For the Times, Any Tragedy Will Do
By David Orland   ·   April 20, 2005 11:49 PM

The New York Times wraps up the recent Paris hotel fire story in the way the New York Times will (Craig S. Smith, "Hotel Fire Sheds Light on France's Illegal Immigrants") .


It's a tragic but hardly extraordinary tale: an intoxicated night watchman and his girlfriend inadvertently light a hotel ablaze, killing twenty-four residents in the process, many of them pending asylum cases.

A sad story, to be sure. But an instructive one? The Times thinks so...


"But the tragedy has thrown light on more than the uncertain safety of the cramped one-star hotels that dot this city. It has also illuminated a dim corner of Europe's broader illegal immigration debate: what to do with the Continent's swelling tide of undocumented aliens, known in France as 'sans papiers.'


[...] Aicha Alouache, 40, is part of that netherworld. Looking like a middle-class housewife, with neatly coiffed hair and faux pearl earrings, she said she and her husband had moved to France from Algeria three years ago 'to live better'.


Her family has moved through nearly 10 different hotels since then. 'There are times when it's time to go home and I have to think, "Where do I live?" ' she said, sitting outside yet another hotel.


Ms. Alouache said her asylum request was refused last year and is pending appeal. She is angry that she still has no papers, but she said she was not about to go back to Algiers. Here, her son, Mohamed, 4, attends a public nursery school, and her family gets 100 euros a month, as well as food, clothing, housing and free medical care from the state.

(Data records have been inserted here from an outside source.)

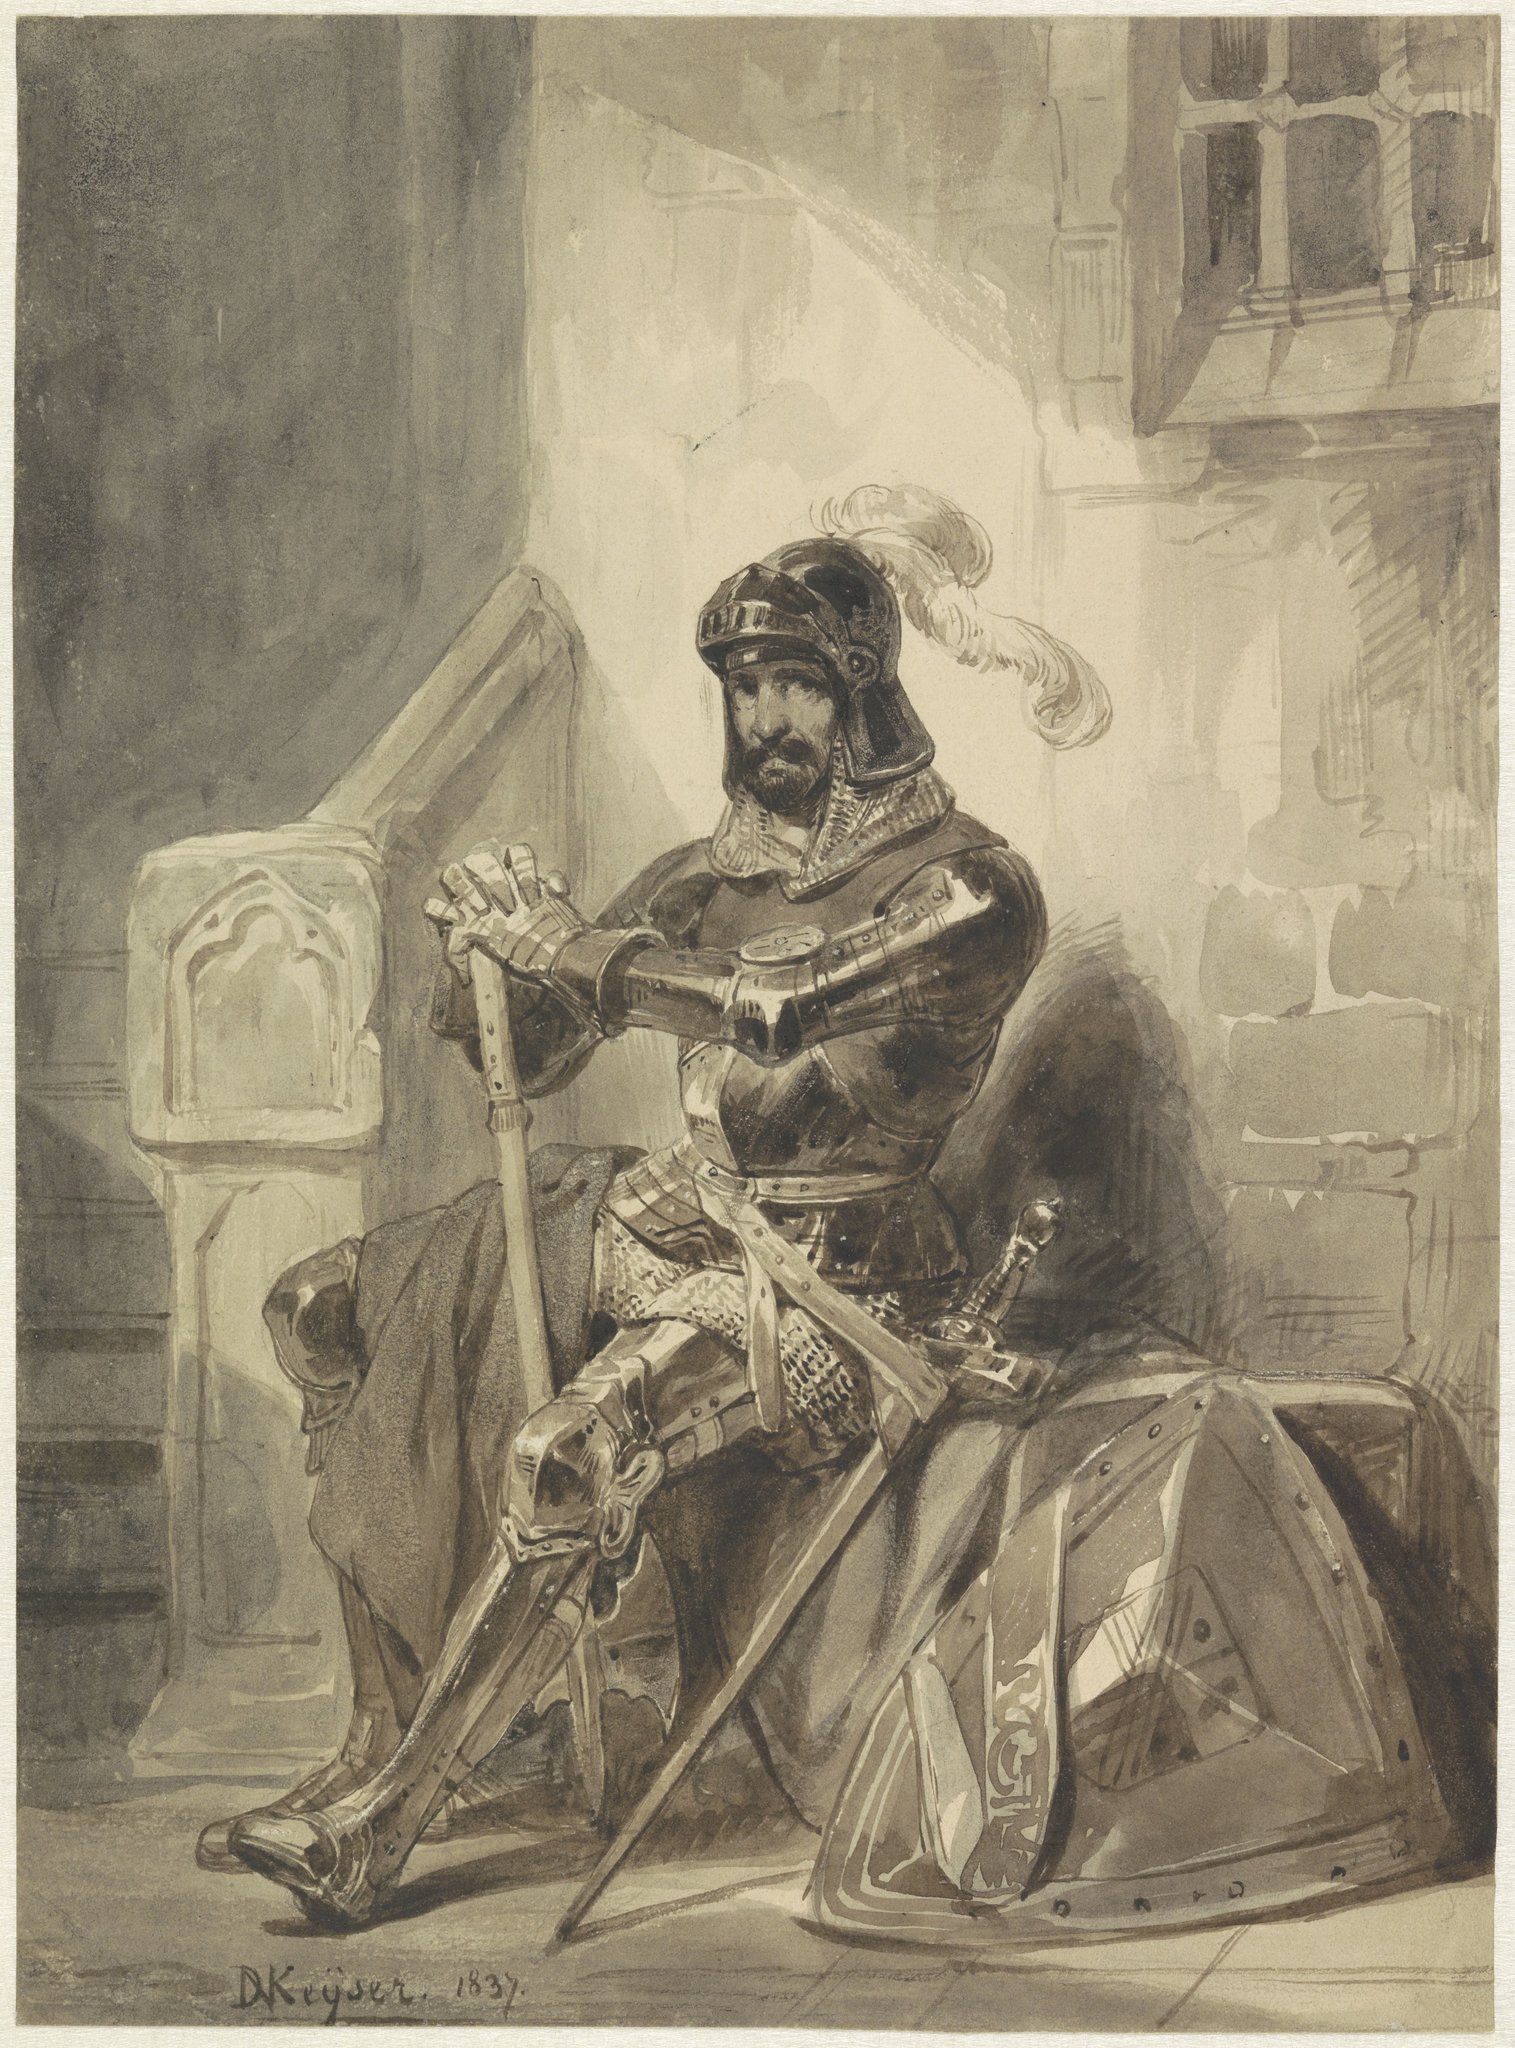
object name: drawing
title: Zittende middeleeuwse ridder in harnas
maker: nicaise de keyser
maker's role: draughtsman, painter
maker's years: 1813-1887
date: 1837
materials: chalk, ink, paper
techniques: brush, pen
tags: knight

Until the fire, she spent her days in city parks with friends, waiting for her son to get out of school while her husband, 42, played soccer and acted as an informal coach for boys. She and her husband are not allowed to work, but many illegal immigrants do.


Like most European countries, France rarely resorts to deportation, so people like Ms. Alouache hang on, often for years."

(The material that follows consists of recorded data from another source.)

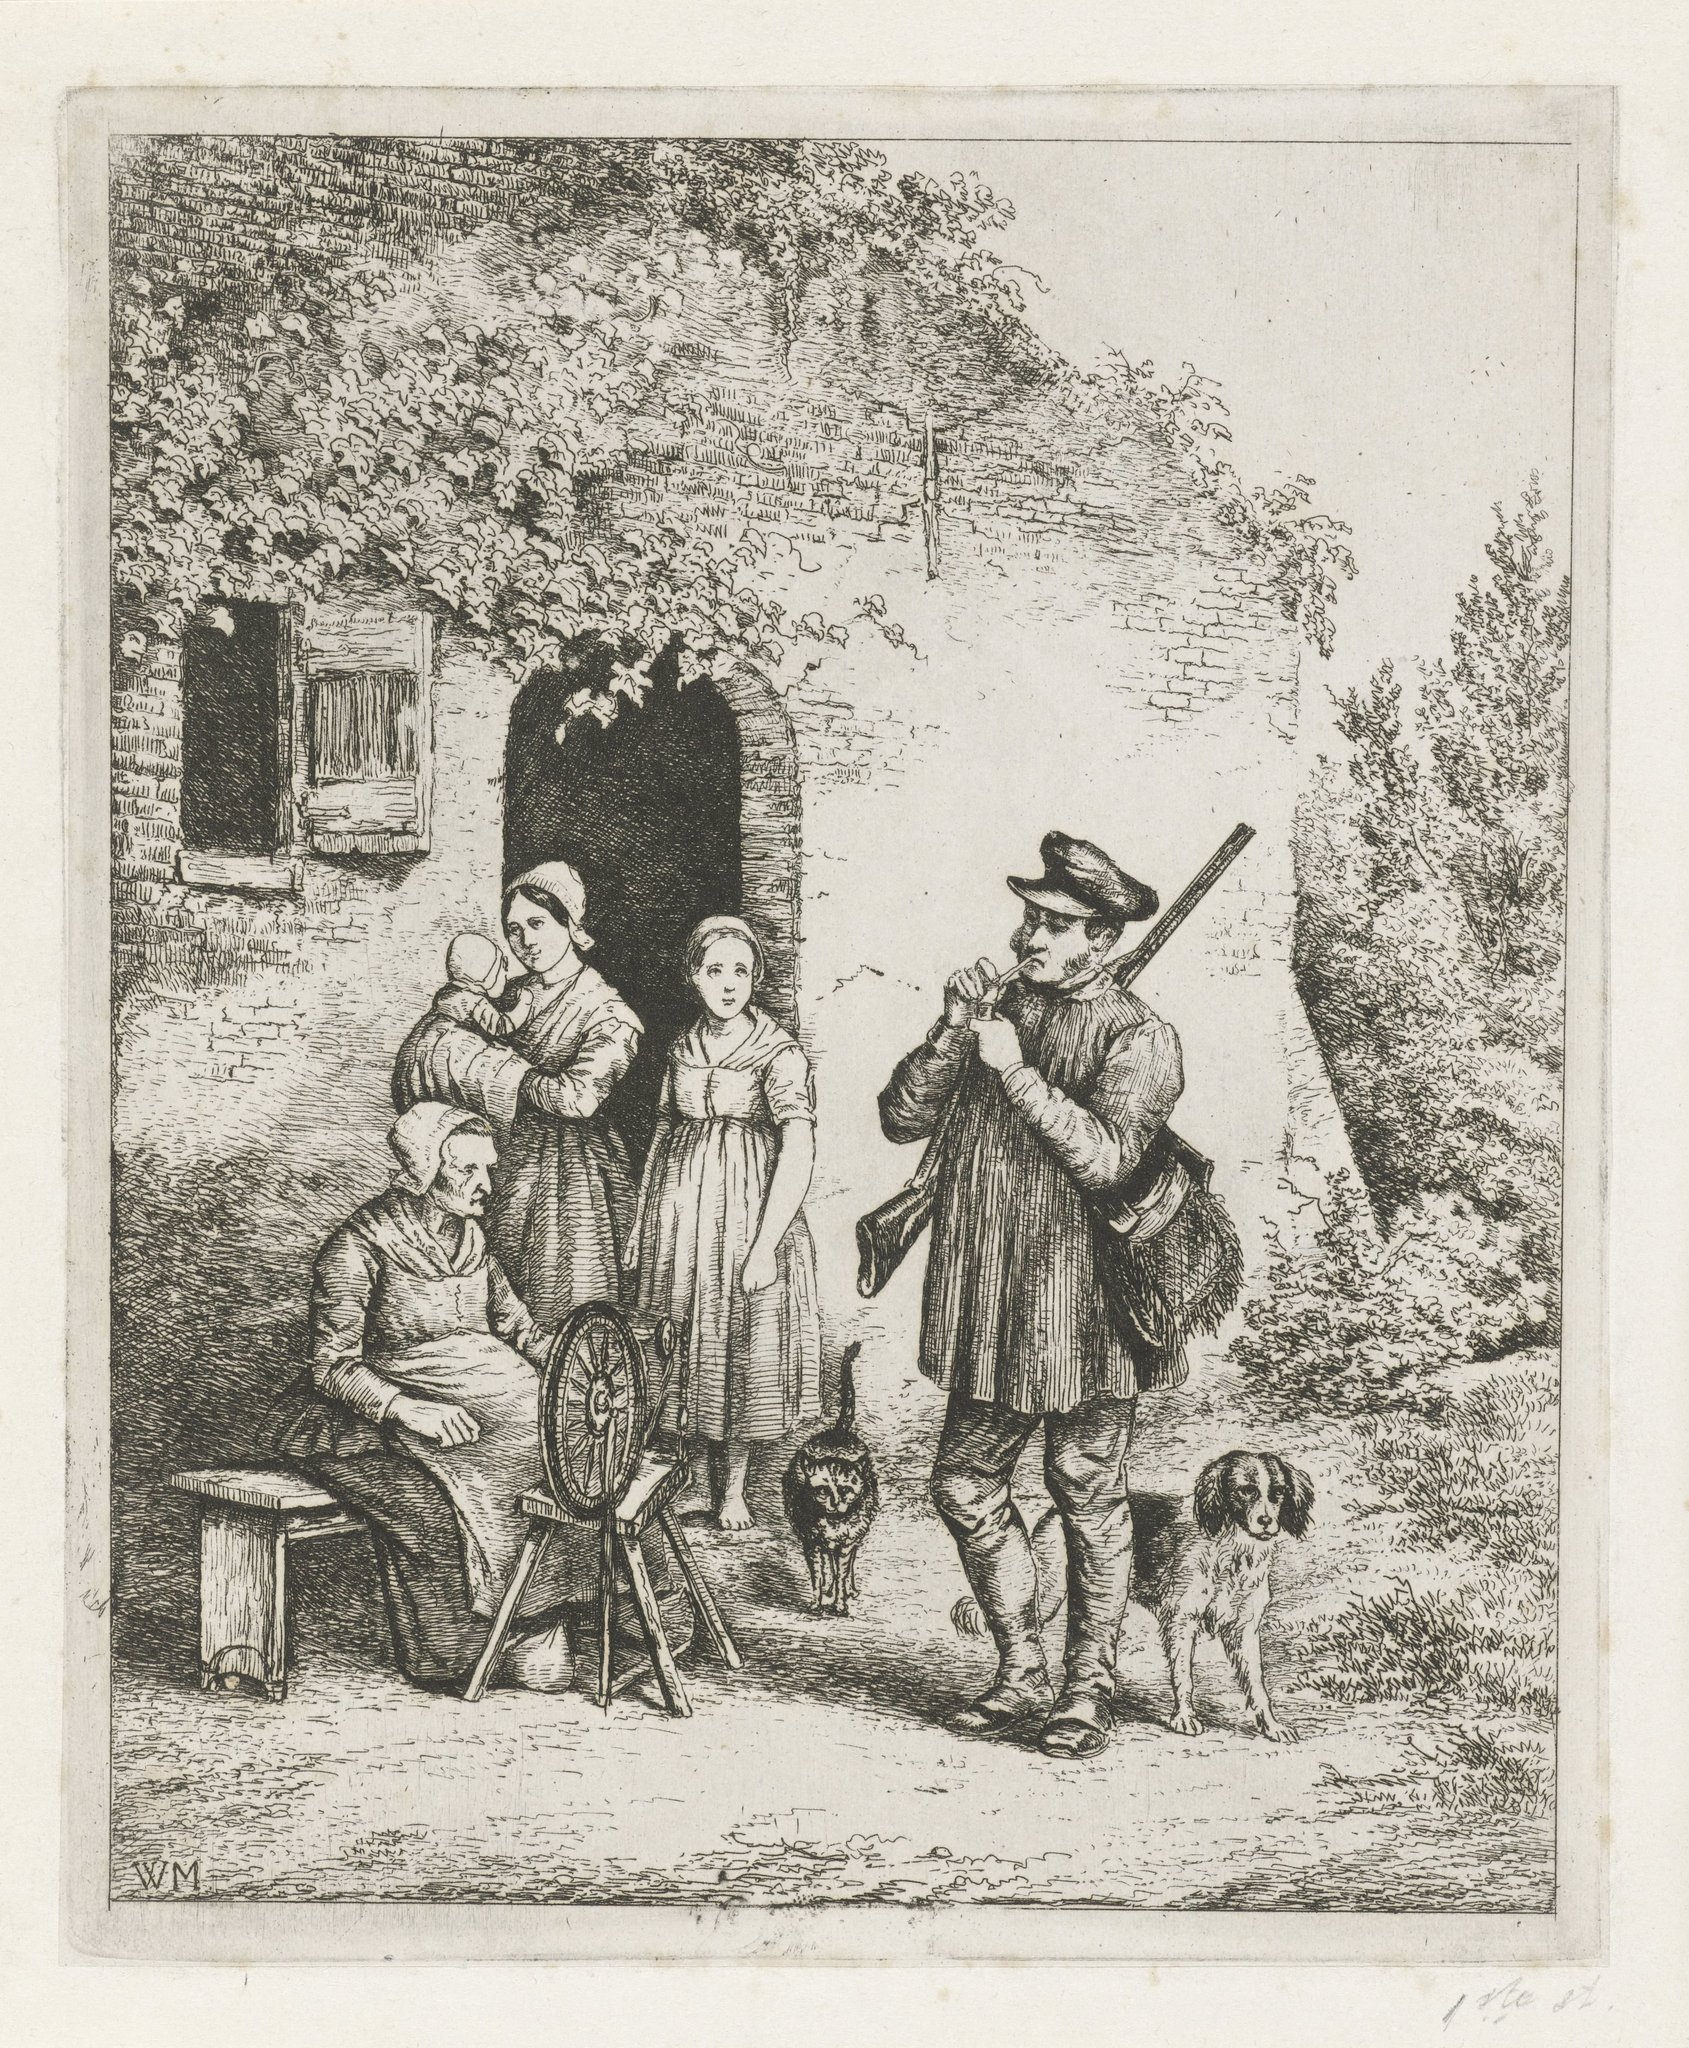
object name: print
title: Gezelschap voor de deur van een woning
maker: christiaan wilhelmus moorrees
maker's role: draughtsman, print maker
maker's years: 1801-1867
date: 1811-1867
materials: paper
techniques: etching
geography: netherlands
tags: open door, pipe ~ tobacco, spinning-wheel, mother and baby or young child, dog
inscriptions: collector's mark: Lugt 2228
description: Voor de deuropening van een woning staan een vrouw met een baby op de arm en een meisje. Op een bankje zit een oude vrouw achter een spinnewiel. Een man met een geweer aan de schouder gaat voorbij en steekt zijn pijp aan.

Ms. Alouache, interviewed outside her new hotel, continues to receive government benefits -- including free food, clothing, housing, medical care, education for her child, and a stipend -- on an indefinite basis while awaiting a decision that may never be made. As she does so, her husband plays soccer in the park.


Shocking, really.


The sad truth, ignored by the Times, is that Paris' cheap hotels are full, not just with failed asylum seekers, but also with the successful kind. Indeed, the city, as anyone who lives here can tell you, is literally bursting at the seams with immigrants.


So what's to be learned from the recent fire? Little or nothing. As every report has confirmed, the building that burnt down was up to specs. Another building might have done the same thing that night, and for the same reasons. That many of those who died also happened to have been asylum seekers is, from a forensic point of view, strictly incidental.

And from a journalistic point of view?


This is hardly the first time the Times has filtered European news through the lens of its domestic political concerns -- in the present case, its morbid obsession with politically correct migration narratives. It would be bad enough if such narratives merely obscured the facts of the matter (which they do). But they've also come to supplant, in the Times' reporting, what locally passes for the actual concerns of the people living in a given country. I give you just two examples -- here and here -- neither of which have been reported by the Times (at least not accurately), both of which have received extensive treatment in the French press over the past two months.


Either the Times has some very bad reporters or it's not taking its job very seriously. I suspect both are the case.


There's a basic failure here, and it exceeds the failure of Times' reporters to accurately report breaking news. It's the failure of an entire culture at the paper. And it's time that editors start thinking about it. The world's a complicated place; not everywhere's New York and not every story is a plausible proxy for editors' favorite domestic stumping points.


There's no doubt much to be learned from the Times' overseas coverage. Precious little of it, however, has to do with life overseas.